O dia chega ao fim. Ele devolve o menino a Inés e volta para seu quarto, onde uma névoa atemorizante baixa sobre ele. Serve-se de um copo de vinho, depois um segundo. O único jeito de se salvar é salvar a si mesmo. O menino se volta para ele em busca de orientação, e o que ele oferece senão absurdos vazios, perniciosos. Autoconfiança. Se ele, Simón, tem de confiar em si mesmo, que esperança de salvação pode ter? Salvação de quê? Da preguiça, da falta de objetivo, de uma bala na cabeça?

Baixa de cima do guarda-roupa a caixinha, abre o envelope, olha a menina com o gatinho nos braços, a menina que vinte anos depois viria a escolher essa imagem de si mesma para dar ao amante. Ele relê as cartas, do começo ao fim.

Joaquín e Damian ficaram amigos de duas meninas internas. Convidamos as duas para irem à praia hoje. A água estava gelada, mas todos mergulharam e pareceram não se importar. Éramos uma família feliz entre muitas outras famílias felizes, mas na verdade eu não estava lá de fato. Estava ausente. Estava com você, como estou com você no meu coração a cada minuto de cada dia. Juan Sebastián sente isso. Faço tudo o que posso para ele se sentir amado, mas ele tem consciência de que alguma coisa está alterada entre nós. Meu Dmitri, como sinto sua falta, como estremeço quando penso em você! Dez longos dias! O tempo não vai passar nunca?…

Fico acordada à noite pensando em você, impaciente para o tempo passar, querendo estar em seus braços outra vez…

Você acredita em telepatia? Eu fico nos rochedos, olhando o mar, concentrando todas as minhas energias em você e chega um momento em que posso jurar que escuto sua voz. Você fala meu nome, eu falo de volta. Isso aconteceu ontem, quinta-feira; devia ser umas dez da manhã. Aconteceu com você também? Você me ouviu? Podemos falar um com o outro através do espaço? Me diga que é verdade…

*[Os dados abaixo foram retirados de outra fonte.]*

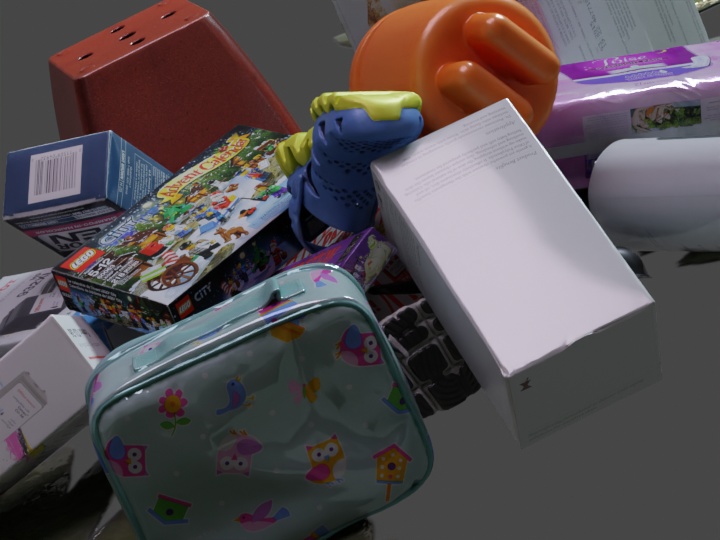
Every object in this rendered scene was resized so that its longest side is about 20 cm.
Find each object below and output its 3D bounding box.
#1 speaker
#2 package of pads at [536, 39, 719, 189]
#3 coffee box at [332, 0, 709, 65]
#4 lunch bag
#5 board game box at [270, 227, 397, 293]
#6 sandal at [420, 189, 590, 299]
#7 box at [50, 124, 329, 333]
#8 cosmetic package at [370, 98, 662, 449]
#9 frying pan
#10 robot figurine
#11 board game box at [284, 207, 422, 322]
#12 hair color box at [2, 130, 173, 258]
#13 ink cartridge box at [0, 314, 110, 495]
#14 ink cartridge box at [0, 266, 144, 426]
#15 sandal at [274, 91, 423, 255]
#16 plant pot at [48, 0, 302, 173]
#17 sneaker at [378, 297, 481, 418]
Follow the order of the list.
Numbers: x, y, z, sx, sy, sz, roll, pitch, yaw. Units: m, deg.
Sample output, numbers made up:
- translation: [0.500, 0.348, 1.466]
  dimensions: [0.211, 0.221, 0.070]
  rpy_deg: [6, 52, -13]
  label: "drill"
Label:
- translation: [0.248, -0.051, 1.656]
  dimensions: [0.081, 0.082, 0.199]
  rpy_deg: [-37, 23, -33]
  label: "speaker"
- translation: [0.195, -0.113, 1.810]
  dimensions: [0.199, 0.076, 0.121]
  rpy_deg: [-10, 21, -12]
  label: "package of pads"
- translation: [0.130, -0.198, 1.988]
  dimensions: [0.197, 0.201, 0.200]
  rpy_deg: [-7, 26, 41]
  label: "coffee box"
- translation: [-0.062, 0.090, 1.520]
  dimensions: [0.199, 0.161, 0.077]
  rpy_deg: [-24, 20, 0]
  label: "lunch bag"
- translation: [-0.055, 0.039, 1.668]
  dimensions: [0.120, 0.032, 0.200]
  rpy_deg: [-49, 10, -24]
  label: "board game box"
- translation: [0.095, -0.025, 1.797]
  dimensions: [0.199, 0.055, 0.082]
  rpy_deg: [-26, 19, -3]
  label: "sandal"
- translation: [-0.107, -0.029, 1.782]
  dimensions: [0.136, 0.038, 0.200]
  rpy_deg: [15, 45, 44]
  label: "box"
- translation: [0.097, -0.001, 1.555]
  dimensions: [0.107, 0.085, 0.200]
  rpy_deg: [-24, 52, -8]
  label: "cosmetic package"
- translation: [0.102, 0.000, 1.666]
  dimensions: [0.189, 0.031, 0.115]
  rpy_deg: [-1, 0, 4]
  label: "frying pan"
- translation: [0.064, -0.134, 1.725]
  dimensions: [0.116, 0.145, 0.200]
  rpy_deg: [-7, 3, -23]
  label: "robot figurine"
- translation: [0.000, 0.000, 1.776]
  dimensions: [0.151, 0.046, 0.200]
  rpy_deg: [-43, 12, 20]
  label: "board game box"
- translation: [-0.186, -0.039, 1.958]
  dimensions: [0.099, 0.200, 0.061]
  rpy_deg: [-10, 67, 26]
  label: "hair color box"
- translation: [-0.229, 0.093, 1.722]
  dimensions: [0.200, 0.068, 0.116]
  rpy_deg: [-39, -3, 2]
  label: "ink cartridge box"
- translation: [-0.224, 0.056, 1.908]
  dimensions: [0.199, 0.084, 0.145]
  rpy_deg: [-11, 23, 33]
  label: "ink cartridge box"
- translation: [-0.005, -0.065, 1.657]
  dimensions: [0.079, 0.088, 0.200]
  rpy_deg: [0, -14, -12]
  label: "sandal"
- translation: [-0.174, -0.132, 2.202]
  dimensions: [0.199, 0.177, 0.200]
  rpy_deg: [-28, 20, -10]
  label: "plant pot"
- translation: [0.002, 0.068, 1.639]
  dimensions: [0.199, 0.077, 0.085]
  rpy_deg: [-26, 14, -8]
  label: "sneaker"

Desejo você, meu querido, desejo apasionadamente! Só mais dois dias!

Ele dobra as cartas, põe de novo no envelope. Ele gostaria de acreditar que são forjadas, escritas pelo próprio Dmitri, mas não é verdade. Elas são o que dizem ser: as palavras de uma mulher apaixonada. Ele fica alertando o menino contra Dmitri. Se quer um modelo na vida, olhe para mim, ele diz: olhe para Simón, o padrasto exemplar, o homem racional, o insignificante; ou, se não eu, então para aquele inofensivo velho maluco, Dom Quixote. Mas se o menino quer realmente uma educação, quem melhor para estudar do que o homem capaz de inspirar um amor tão inadequado, tão incompreensível?